I'm probably leaving someone's blog out, so feel free to post here for Paul.

rM.ning is a great resource for this kind of question, Paul. I wish I'd had access to so many other artists and their experiences 20 years ago...I'm grateful to have it now. Invaluable.

Comment by John K-N on June 7, 2012 at 2:33pm

Hi, Paul - Steve is pointing to some good discussions.  And always feel free to start your own blog discussion on a topic. The community ranges from netlabels to commercial, bedroom artists to artists that primarily make their living from music.  So there's a wide array of opinions, insight, and thought to kick around...  just depends on who's looking and feels like posting.  With nearly 600 members - a lot just lurk until something grabs them.

 

Many people enjoy sharing their music for free through the netlabel and cc music scene.  I know cc doesn't necessarily mean "free" (I release under cc and charge...) - but most people tend to equate "cc" with netlabels. 

 

CD vs. Cassette vs. Vinyl vs. CDR vs. mp3 vs. FLAC vs.

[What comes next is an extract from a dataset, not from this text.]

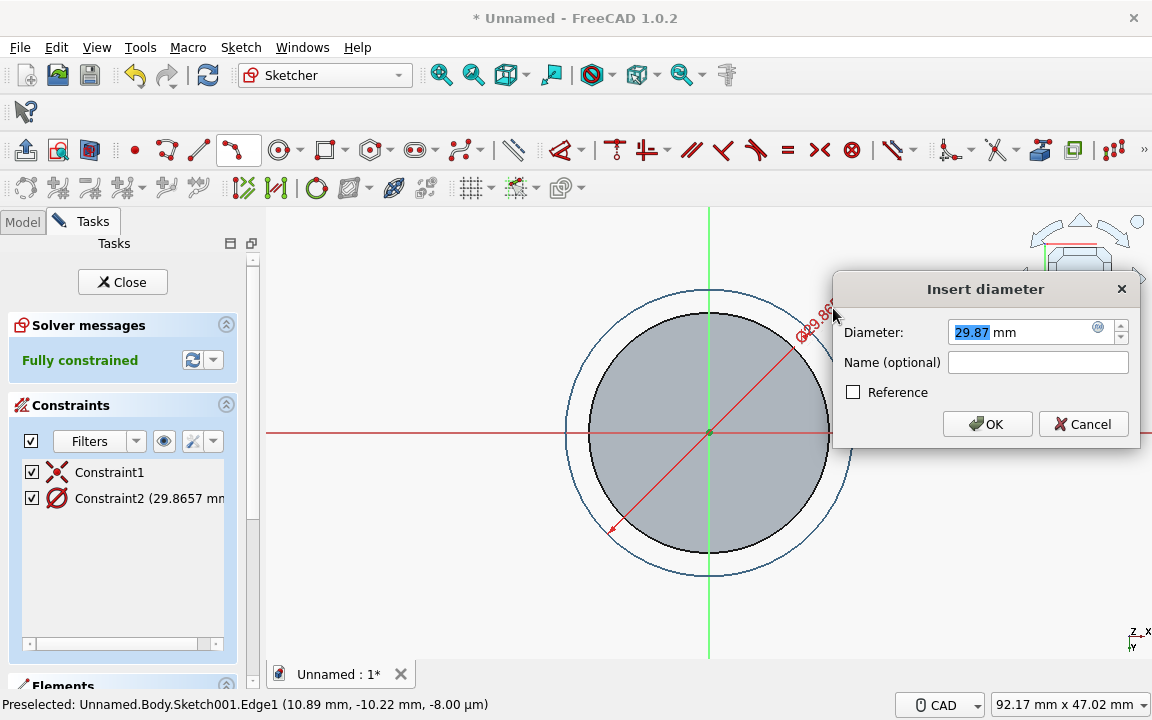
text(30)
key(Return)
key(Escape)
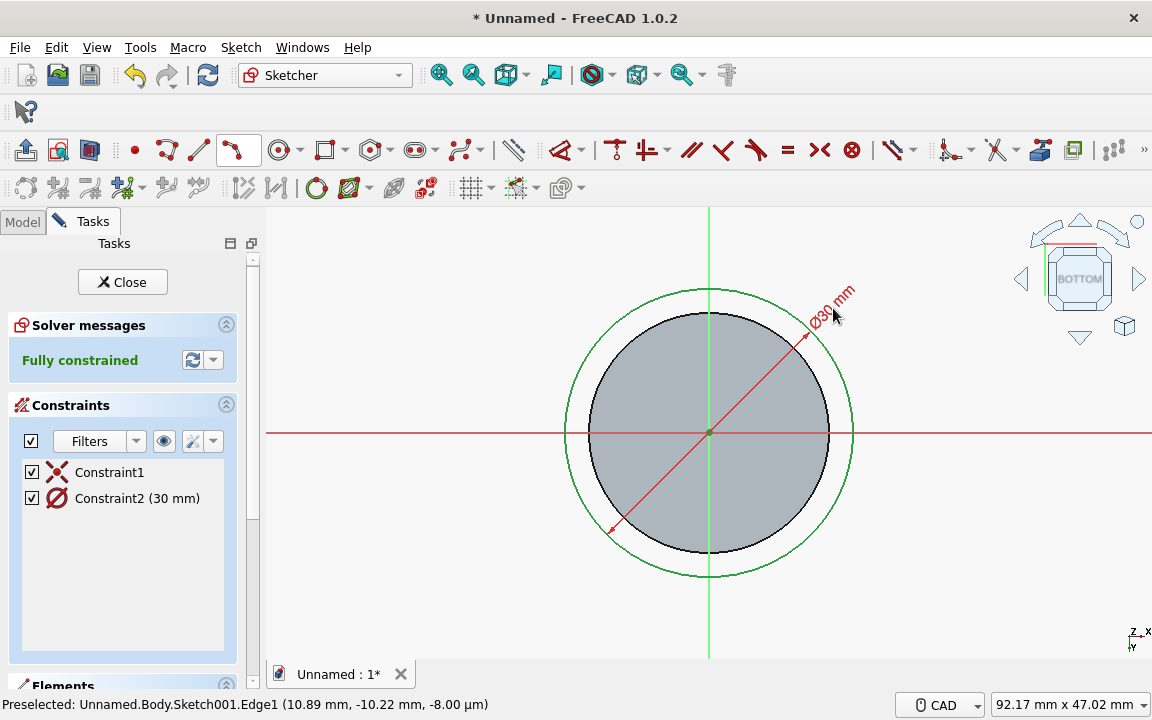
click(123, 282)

WAV/AIFF ... yep - tons of options.  I think it's important that you as the artist pursues what matters to you.  I used to be very pro CD / CDR... but then I finally after many years bought an iPod... now I find files to be more important.  I still release CDR's - but I won't go pressing a CD anytime soon.  I also plan to release on vinyl because... I've always wanted to...  once I become independently wealthy...

 

Live performance... wow...  if you're doing ambient - GOOD LUCK.  There just aren't that many shows available outside of coffee houses, art galleries, and house concerts - and none of those are going to pay well.  The normal model of a rock band paying for the cost of touring with their merchandise - and covering CD release costs from the tour...  just doesn't apply.   Ambient artists play live for the love of playing live.  Just like they release albums... for the love of it.  Just my opinion - but I don't think I'm all that far off the mark.  

 

I've played countless gigs... bar bands, college bands - none of them ambient that actually paid.   I've played several ambient gigs - and I lost far more money on the ambient gigs then I made from either being paid to play (from splitting the ticket costs) - and from merchandise.  

 

Ambient music boils down to love and passion in my mind.    Well - all music and musicians hopefully can say that, not just ambient ones. 

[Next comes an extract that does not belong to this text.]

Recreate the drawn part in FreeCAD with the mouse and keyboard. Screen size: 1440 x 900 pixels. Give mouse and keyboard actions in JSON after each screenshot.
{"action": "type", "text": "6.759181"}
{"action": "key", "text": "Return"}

Comment by Cloudwalk on June 7, 2012 at 6:48pm

Thanks Steve and JKN for the insight and resources! I appreciate it! I feel like I'm finally stepping into a much larger world, and I'm glad there is a community like this!

Comment by Steve Brand on June 20, 2012 at 4:57pm

On a sort of tangent... From what I can see, if an artist (music, film, written word, whatever) wants to have his work read, seen or heard these days, we have to make a concerted effort to be visible in a world that is dominated by "social media." The days are gone in which one can just sit in the studio, make music, write a book, make a painting and sell from a URL. (Most of us know this was NEVER enough and most of us reached out in one way or another, but it's just that the nature of the connecting and reaching out that has morphed over time.) There's a tacit expectation from listeners, readers, viewers, etc. that the artist be visible, reach out, connect, respond...which sort of chaffs the hermit artists in some of us! My wife is "Friends" on FaceBook with several authors, fashion designers, film makers, stars and musicians whom she follows regularly. It's an expectation now and if you're not doing it, you're nearly invisible.

To be clear, this isn't about "doing what's necessary," our doing something because it's trendy or out of obligation, connecting with others, with our audience, with other artists is...whether we acknowledge it or not...fundamentally what it's all about, and ultimately serves us all.